In the December issue of EMBO Reports, Matheus Sanitá Lima and David Roy Smith argue that biologists utilizing next-generation sequencing data should include detailed methods with their submissions to the Sequence Read Archive (the paper is paywalled at the publisher site but available here):
For those who are unfamiliar with it, the SRA is an international public online archive for next-generation sequencing (NGS) data, which was established about a decade ago under the guidance of the International Nucleotide Sequence Database Collaboration (INSDC)…Once there, you will find yourself at a sequencing-read superstore.
But the value of the sequencing reads you can download from the SRA is often limited by an insufficient description of the methods:
Recently, we were mining data from the SRA to study transcription in mitochondria and chloroplasts…Apart from the price of a computer and a commercial bioinformatics software suite—and significant time investment, of course—the research project cost us nothing. We did, however, encounter some setbacks when trying to determine the protocols used to generate the various RNA-seq data sets employed in our analysis. In short, we were confronted with an SRA annotation issue.
We had used hundreds of RNA-seq experiments generated from different laboratory groups, often using very different protocols. Some of these experiments contained detailed and meticulous information on the growth conditions, RNA isolation and purification techniques, library preparation, and sequencing methods. Other experiments, unfortunately, had little or no accompanying details about how they were generated, leaving us guessing about the underlying experimental procedures.
Usually, the detailed methods are in the publication that results from the sequencing data, but as Sanitá Lima and Smith point out, not everything in the SRA is published.
Moreover, it would have taken a lot of time and energy to look up the individual papers for hundreds of different experiments, many of which were behind a paywall, which goes against the purpose of an open-access data bank like the SRA. In our opinion, it is much more efficient, fair, and useful to have the methods directly linked to the SRA entry. In many ways, the experiments being deposited in the SRA can be as important and impactful as the primary research papers presenting the data.
Being down with OPD (Other People’s Data), I couldn’t agree more. Aside from the other reasons, this is a fairness issue: most of the data in the SRA and similar archives are produced using funds from the National Science Foundation, National Institutes of Health, and similar agencies, in other words, taxpayer money. Having paid for them, I think it’s fair for taxpayers, and not just those who have institutional subscriptions, to have access to the data in a useful form.
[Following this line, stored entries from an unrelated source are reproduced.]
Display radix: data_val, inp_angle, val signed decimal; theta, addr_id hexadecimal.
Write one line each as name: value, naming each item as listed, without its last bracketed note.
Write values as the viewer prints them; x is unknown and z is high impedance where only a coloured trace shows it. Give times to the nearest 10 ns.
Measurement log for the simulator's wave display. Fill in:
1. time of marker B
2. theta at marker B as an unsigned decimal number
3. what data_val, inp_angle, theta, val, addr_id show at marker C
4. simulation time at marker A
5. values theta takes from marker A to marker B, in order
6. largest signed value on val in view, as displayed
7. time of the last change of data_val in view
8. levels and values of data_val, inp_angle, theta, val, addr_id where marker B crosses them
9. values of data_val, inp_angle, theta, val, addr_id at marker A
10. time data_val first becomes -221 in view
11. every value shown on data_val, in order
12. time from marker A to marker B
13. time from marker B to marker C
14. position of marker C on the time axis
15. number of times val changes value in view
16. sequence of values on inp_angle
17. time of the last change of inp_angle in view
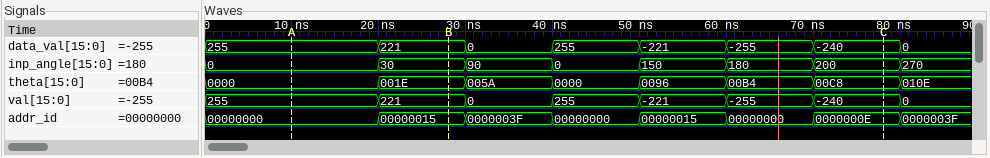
time of marker B: 30 ns
theta at marker B as an unsigned decimal number: 30
what data_val, inp_angle, theta, val, addr_id show at marker C: data_val=-240, inp_angle=200, theta=00C8, val=-240, addr_id=0000000E
simulation time at marker A: 10 ns
values theta takes from marker A to marker B, in order: 0000, 001E
largest signed value on val in view, as displayed: 255
time of the last change of data_val in view: 80 ns
levels and values of data_val, inp_angle, theta, val, addr_id where marker B crosses them: data_val=221, inp_angle=30, theta=001E, val=221, addr_id=00000015
values of data_val, inp_angle, theta, val, addr_id at marker A: data_val=255, inp_angle=0, theta=0000, val=255, addr_id=00000000
time data_val first becomes -221 in view: 50 ns
every value shown on data_val, in order: 255, 221, 0, 255, -221, -255, -240, 0
time from marker A to marker B: 20 ns
time from marker B to marker C: 50 ns
position of marker C on the time axis: 80 ns
number of times val changes value in view: 7
sequence of values on inp_angle: 0, 30, 90, 0, 150, 180, 200, 270
time of the last change of inp_angle in view: 80 ns

Sanitá Lima and Smith confess that they haven’t always been paragons of virtue in this respect:
Before we start sounding too self-righteous, we should come clean and admit that the senior author of this article has submitted his fair share of data into the SRA without providing a detailed protocol for those entries. It was not until he started mining large amounts of RNA-seq data from the SRA that he finally saw the proverbial Illumina light at the end of the annotation tunnel and asked forgiveness for all of his sins. Thankfully, he is now a reformed bioinformatician and is looking forward to developing a clean SRA record in the future.
That bit prompted me to check some of my own submissions. Here’s the methods section of the first one I came across, from my one E. coli paper:
Paired-end sequencing was performed on an Illumina* HiSeq 2000 at the University of British Columbia’s Biodiversity Research Centre using standard procedures. The the time point samples were prepared with the NEXTflex DNA Sequencing Kit and DNA Barcodes by Bioo Scientific (Austin, TX).
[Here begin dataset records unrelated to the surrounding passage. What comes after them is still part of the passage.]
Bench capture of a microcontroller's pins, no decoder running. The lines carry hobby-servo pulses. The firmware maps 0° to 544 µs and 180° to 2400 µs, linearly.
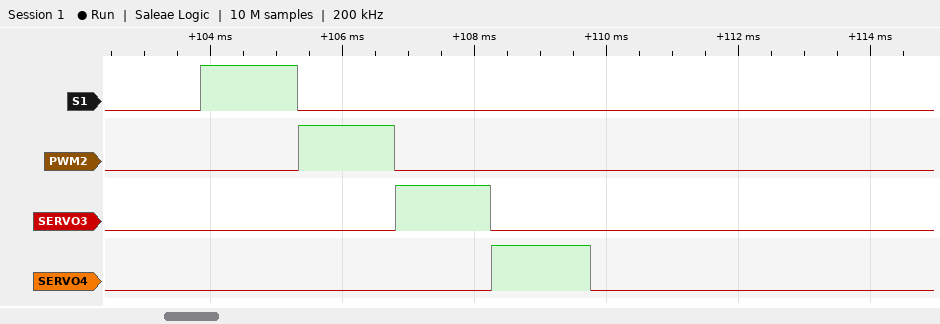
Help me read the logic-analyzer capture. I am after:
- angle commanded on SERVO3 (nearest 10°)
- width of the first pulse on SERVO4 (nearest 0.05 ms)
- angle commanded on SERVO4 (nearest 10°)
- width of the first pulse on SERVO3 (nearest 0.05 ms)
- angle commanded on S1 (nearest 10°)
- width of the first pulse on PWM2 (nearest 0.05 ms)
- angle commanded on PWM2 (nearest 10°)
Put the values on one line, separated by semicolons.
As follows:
90°; 1.50 ms; 90°; 1.45 ms; 90°; 1.45 ms; 90°

Not great. How were the bacteria grown? What medium, what temperature, were they shaken and if so at what speed? Someone trying to replicate that experiment would need all that information and more. Thankfully, that paper is open access, but really the methods should have been included in the SRA submission. Like Dr. Smith, I’ll try to do better.
Stable links:
Sanitá Lima, M. and Smith, D.R. 2017. Don’t just dump your data and run. EMBO Reports, e201745118. doi: 10.15252/embr.201745118
jack16 says
I think the SRA (Sequence Read Archive) should have user instructions that would include these important requirements.